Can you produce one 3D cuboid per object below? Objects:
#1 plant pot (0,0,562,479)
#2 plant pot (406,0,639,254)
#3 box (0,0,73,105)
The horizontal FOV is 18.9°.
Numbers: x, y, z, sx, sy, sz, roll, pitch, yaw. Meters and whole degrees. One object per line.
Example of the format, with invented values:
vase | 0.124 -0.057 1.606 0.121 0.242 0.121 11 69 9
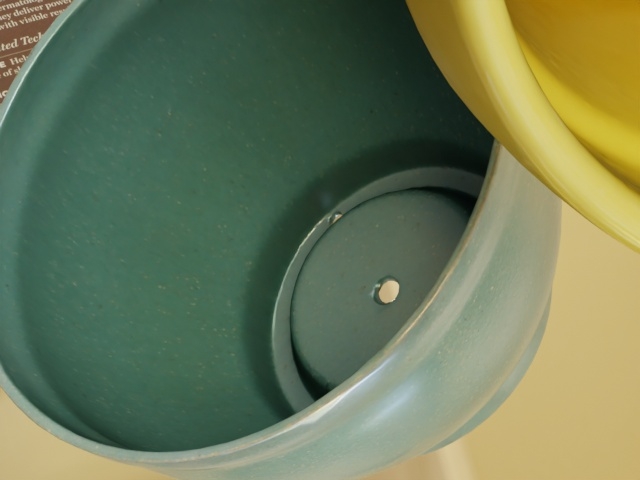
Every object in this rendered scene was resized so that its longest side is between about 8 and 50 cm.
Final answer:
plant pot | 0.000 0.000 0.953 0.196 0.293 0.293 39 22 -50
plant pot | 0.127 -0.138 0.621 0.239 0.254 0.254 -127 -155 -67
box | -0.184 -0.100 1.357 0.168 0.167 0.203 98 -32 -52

===============

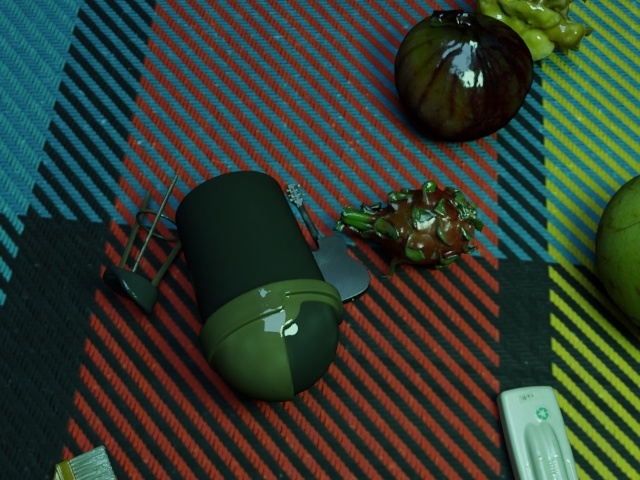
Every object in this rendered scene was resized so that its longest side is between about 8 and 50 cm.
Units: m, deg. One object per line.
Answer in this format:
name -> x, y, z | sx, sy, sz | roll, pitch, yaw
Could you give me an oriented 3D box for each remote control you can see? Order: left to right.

===============

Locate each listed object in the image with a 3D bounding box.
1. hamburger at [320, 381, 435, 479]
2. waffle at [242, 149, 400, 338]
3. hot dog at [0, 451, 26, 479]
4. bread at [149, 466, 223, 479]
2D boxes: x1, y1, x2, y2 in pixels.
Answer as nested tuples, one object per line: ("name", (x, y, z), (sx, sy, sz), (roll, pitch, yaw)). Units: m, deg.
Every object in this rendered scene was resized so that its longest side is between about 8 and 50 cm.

===============

Assigned task:
Reproduce exactly, and only, the part of the listing above that begins at the line with "#1 plant pot (0,0,562,479)" and goes on through the line with "vase | 0.124".

Written response:
#1 plant pot (0,0,562,479)
#2 plant pot (406,0,639,254)
#3 box (0,0,73,105)
The horizontal FOV is 18.9°.
Numbers: x, y, z, sx, sy, sz, roll, pitch, yaw. Meters and whole degrees. One object per line.
Example of the format, with invented values:
vase | 0.124 -0.057 1.606 0.121 0.242 0.121 11 69 9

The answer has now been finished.